• [What you are asked to do]
In the data below, find the line containing "Scale : Integer;" and the line containing "Could you give", then reproduce them and every line between, exactly. Omit pictures.

(Entries taken from a collection)
+===+
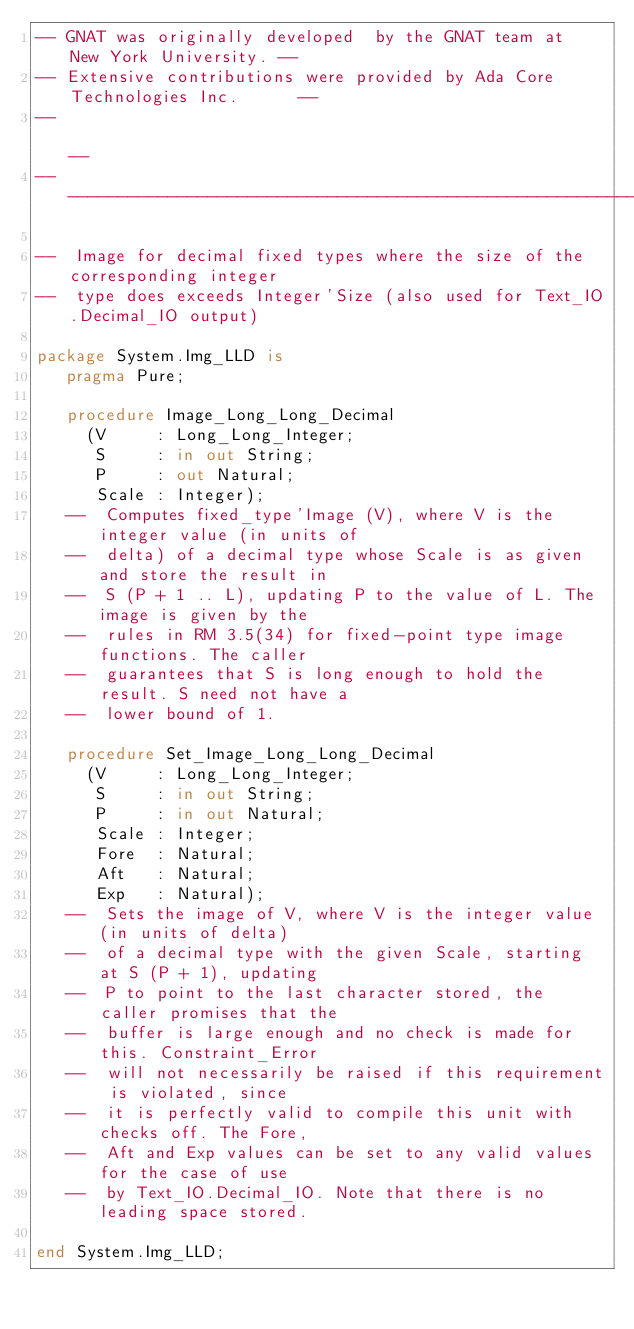<code> <loc_0><loc_0><loc_500><loc_500><_Ada_>-- GNAT was originally developed  by the GNAT team at  New York University. --
-- Extensive contributions were provided by Ada Core Technologies Inc.      --
--                                                                          --
------------------------------------------------------------------------------

--  Image for decimal fixed types where the size of the corresponding integer
--  type does exceeds Integer'Size (also used for Text_IO.Decimal_IO output)

package System.Img_LLD is
   pragma Pure;

   procedure Image_Long_Long_Decimal
     (V     : Long_Long_Integer;
      S     : in out String;
      P     : out Natural;
      Scale : Integer);
   --  Computes fixed_type'Image (V), where V is the integer value (in units of
   --  delta) of a decimal type whose Scale is as given and store the result in
   --  S (P + 1 .. L), updating P to the value of L. The image is given by the
   --  rules in RM 3.5(34) for fixed-point type image functions. The caller
   --  guarantees that S is long enough to hold the result. S need not have a
   --  lower bound of 1.

   procedure Set_Image_Long_Long_Decimal
     (V     : Long_Long_Integer;
      S     : in out String;
      P     : in out Natural;
      Scale : Integer;
      Fore  : Natural;
      Aft   : Natural;
      Exp   : Natural);
   --  Sets the image of V, where V is the integer value (in units of delta)
   --  of a decimal type with the given Scale, starting at S (P + 1), updating
   --  P to point to the last character stored, the caller promises that the
   --  buffer is large enough and no check is made for this. Constraint_Error
   --  will not necessarily be raised if this requirement is violated, since
   --  it is perfectly valid to compile this unit with checks off. The Fore,
   --  Aft and Exp values can be set to any valid values for the case of use
   --  by Text_IO.Decimal_IO. Note that there is no leading space stored.

end System.Img_LLD;
</code> 
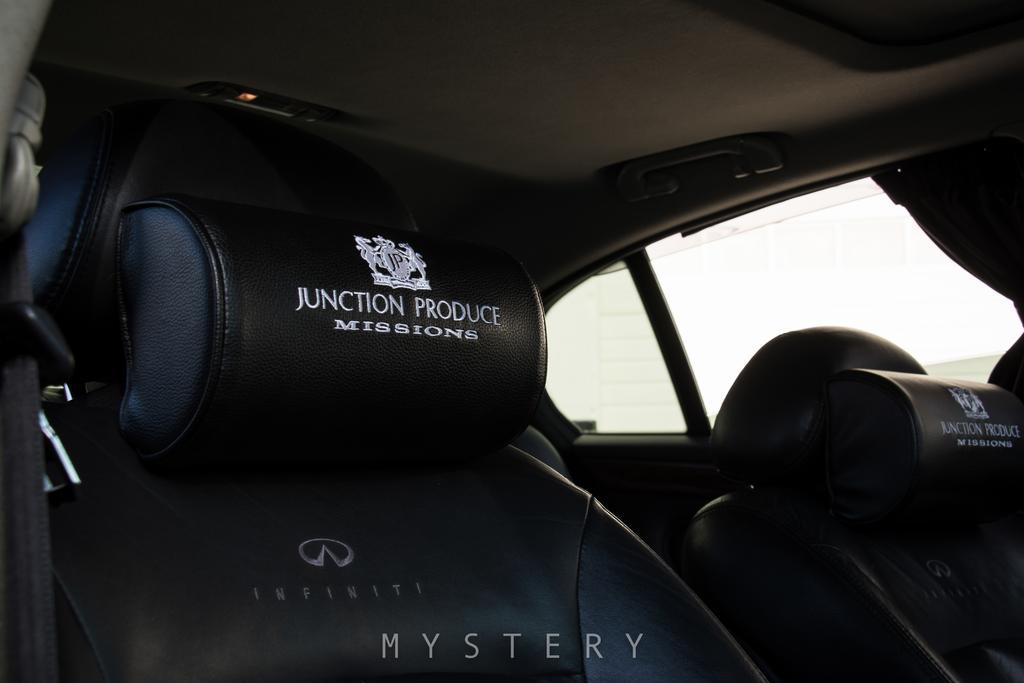Could you give a brief overview of what you see in this image? This image is taken inside the car where we can see that there are two seats in the front. In the background there are two other seats. On the right side there is a window. On the left side there is a seat belt. At the top there is a handle. 
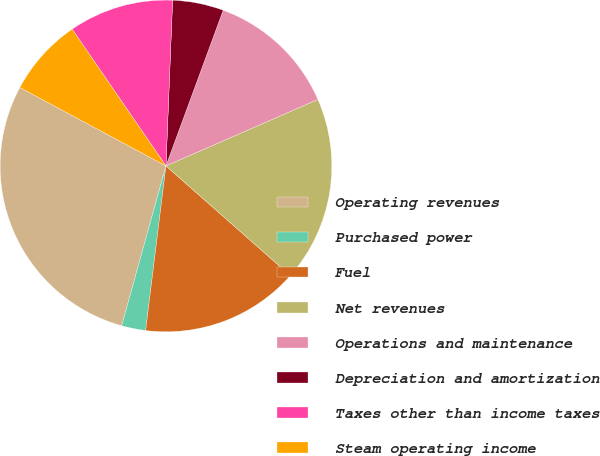<chart> <loc_0><loc_0><loc_500><loc_500><pie_chart><fcel>Operating revenues<fcel>Purchased power<fcel>Fuel<fcel>Net revenues<fcel>Operations and maintenance<fcel>Depreciation and amortization<fcel>Taxes other than income taxes<fcel>Steam operating income<nl><fcel>28.54%<fcel>2.35%<fcel>15.45%<fcel>18.07%<fcel>12.83%<fcel>4.97%<fcel>10.21%<fcel>7.59%<nl></chart> 
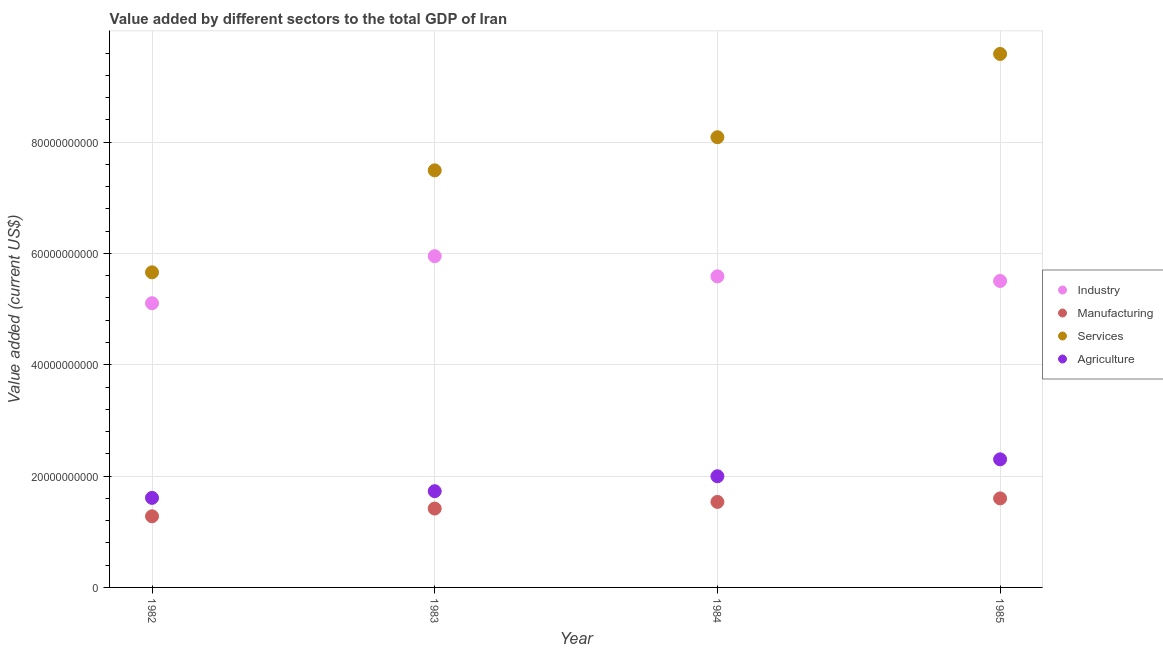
+===+
• [Result of the task]
      Scale : Integer;
      Fore  : Natural;
      Aft   : Natural;
      Exp   : Natural);
   --  Sets the image of V, where V is the integer value (in units of delta)
   --  of a decimal type with the given Scale, starting at S (P + 1), updating
   --  P to point to the last character stored, the caller promises that the
   --  buffer is large enough and no check is made for this. Constraint_Error
   --  will not necessarily be raised if this requirement is violated, since
   --  it is perfectly valid to compile this unit with checks off. The Fore,
   --  Aft and Exp values can be set to any valid values for the case of use
   --  by Text_IO.Decimal_IO. Note that there is no leading space stored.

end System.Img_LLD;
</code> 
Could you give a brief overview of what you see in this image? This image is taken inside the car where we can see that there are two seats in the front. In the background there are two other seats. On the right side there is a window. On the left side there is a seat belt. At the top there is a handle. 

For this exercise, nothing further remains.